__What to produce__:
Give the data below again exactly, and drop each picture from it.
□ □ □ □ □
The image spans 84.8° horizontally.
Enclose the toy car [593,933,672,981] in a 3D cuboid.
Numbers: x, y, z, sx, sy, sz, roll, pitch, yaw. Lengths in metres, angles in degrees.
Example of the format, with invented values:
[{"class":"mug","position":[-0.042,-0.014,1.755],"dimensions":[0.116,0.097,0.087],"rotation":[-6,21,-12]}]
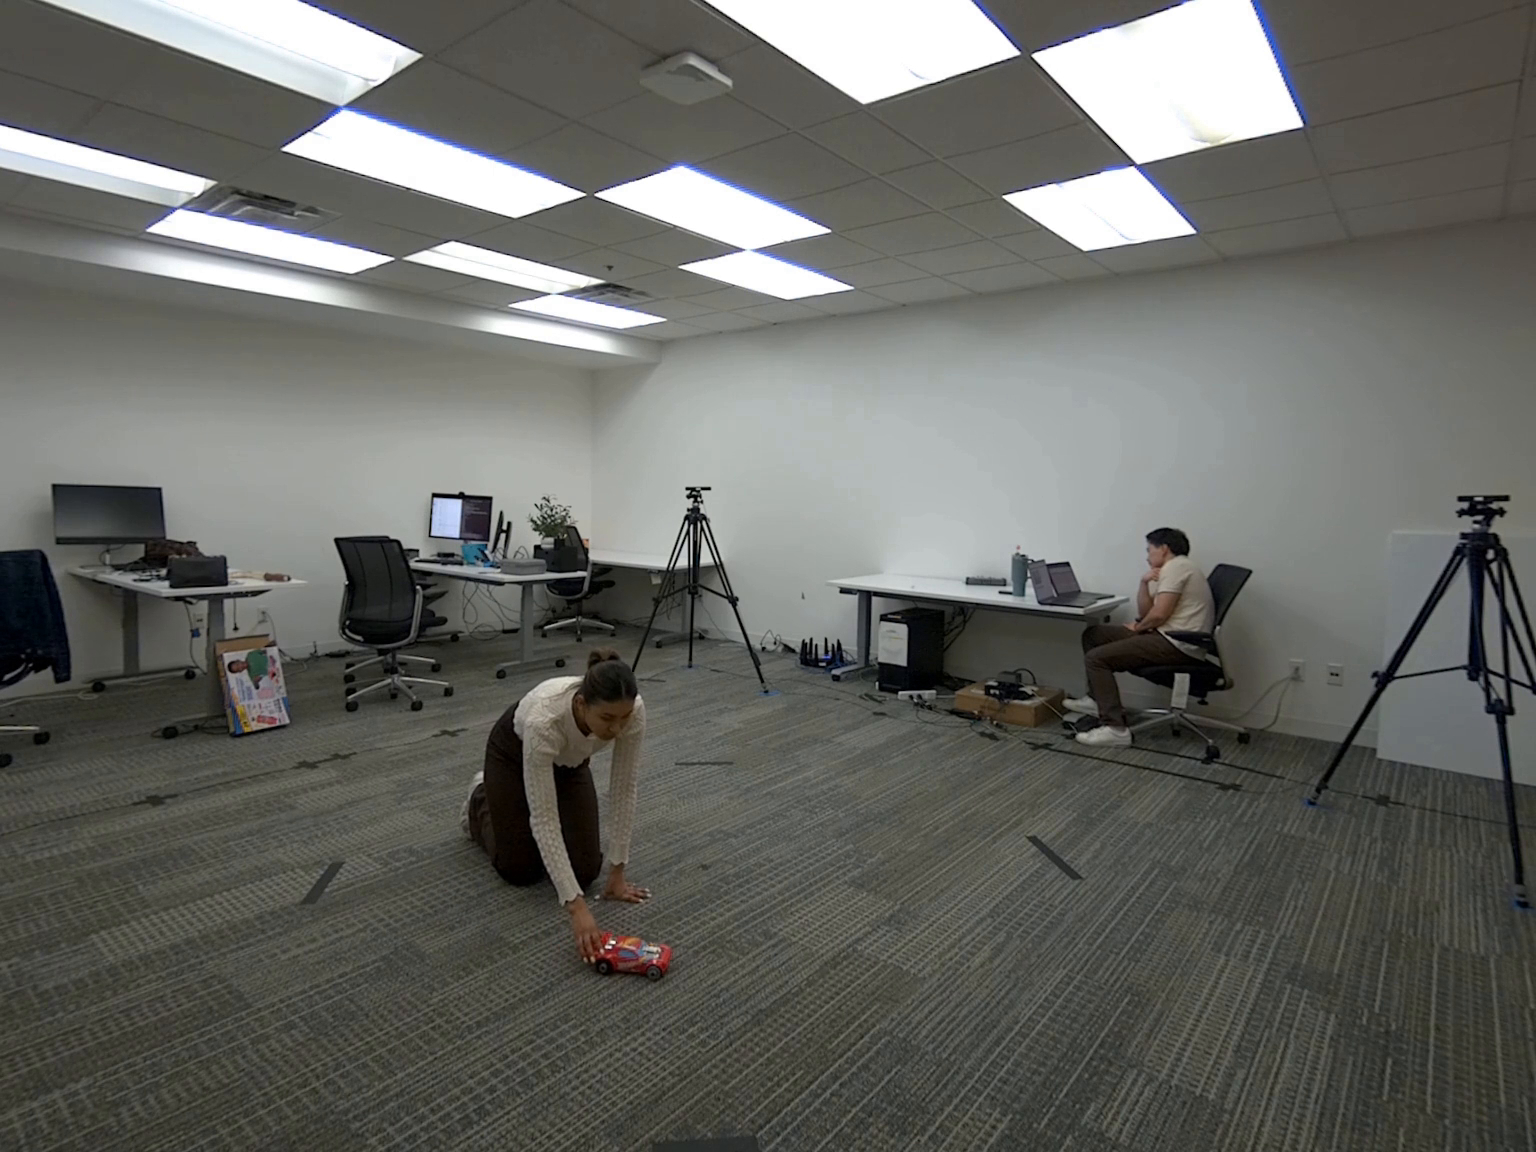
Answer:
□ □ □ □ □
__Response area__:
The image spans 84.8° horizontally.
Enclose the toy car [593,933,672,981] in a 3D cuboid.
Numbers: x, y, z, sx, sy, sz, roll, pitch, yaw. Lengths in metres, angles in degrees.
Example of the format, with invented values:
[{"class":"mug","position":[-0.042,-0.014,1.755],"dimensions":[0.116,0.097,0.087],"rotation":[-6,21,-12]}]
Answer:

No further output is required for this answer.